5 Tips to Navigate the Pensions Maze

Direction imageIt is important that anyone approaching retirement takes time to get all the help they need, rather than rushing headlong into cashing in their pension, which may be a temptation for many following the new regime.

To help navigate the pensions maze here are 5 points that you might find helpful.

  • Tax needs to be considered

Withdrawals of income on top of any tax-free cash will be subject to tax at a taxpayer’s marginal rate.

Remember also that you will compromise the ability to make further contributions into a pension plan if withdrawing income beyond tax-free cash – as the Annual Allowance then reduces from £40,000 to £4,000.

Smaller pension pots work differently; and it may be possible to cash in a maximum of three pots each worth less than £10,000, without triggering the reduction in the Annual Allowance. However, you would pay tax on the money cashed in after the 25 per cent tax-free cash.

  • You can still buy an annuity

Nothing under the new regime stops you from turning your pension into a lifetime income by buying an annuity, unless you have a defined benefit plan.

The assurance of a regular income will bring peace of mind and financial certainty for many – and for those in impaired health, an annuity may make sense as they will be able to secure more income because of their (potential) shorter life expectancy.

  • Opportunities in inheritance

The new rules allow pensions to cascade down the generations without the tax charges previously known.

For example, if someone dies before age 75, new rules will allow a nominated individual, typically husband or wife, to inherit the pension pot. They can then dip into it at any age, drawing as much or as little as they choose, tax free.

If someone dies after 75, the pot is taxed as income in the hands of the nominated beneficiary. Once a beneficiary inherits a pot, they can put a nomination in place. This allows the value to cascade down the generations inside the tax wrapper.

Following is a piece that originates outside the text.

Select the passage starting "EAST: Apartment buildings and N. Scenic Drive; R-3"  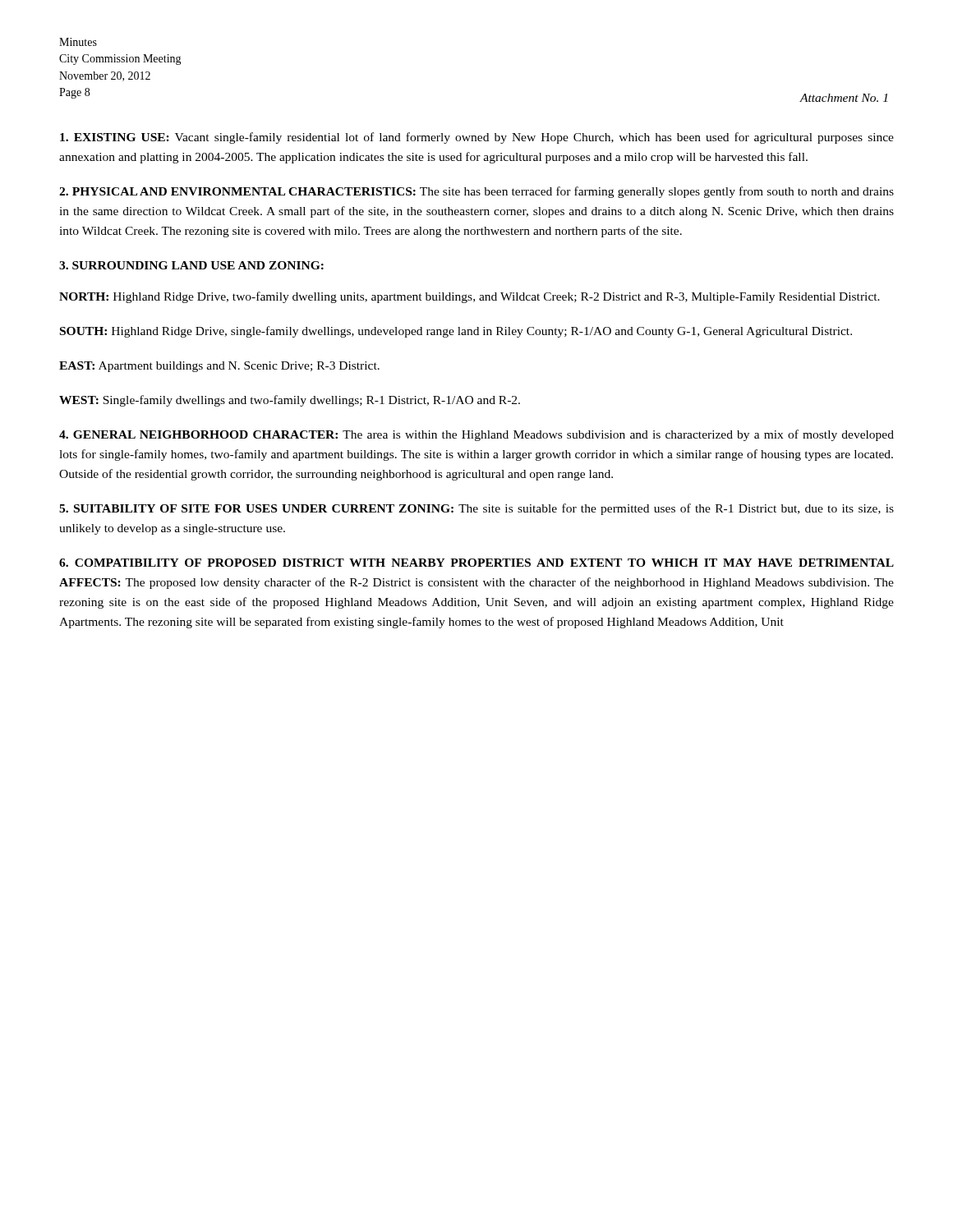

  • SIPP’s are freedom friendly

Self Invested Personal Pensions (SIPPS) are considered the best option to give you control over your pension during the pre-retirement phase, although they are not suitable for everyone. You determine how contributions are invested and when you take income post age 55.

Any plans that you transfer in (either to a SIPP or otherwise) should primarily be those run on a defined contribution or money purchase basis– and it’s important to make sure the old plans you transfer do not provide invaluable retirement options such as the right to a guaranteed annuity.

  • Help is available

If seriously considering options with your pension savings, start by speaking to your Chartered Financial Planner who will be able to give you specialist and tailored advice and support.

Also, the Government’s guidance service ‘Pension Wise’ may be a useful reference point if you want to get to grips with the different options for accessing a pension and understand more about scams and big tax bills.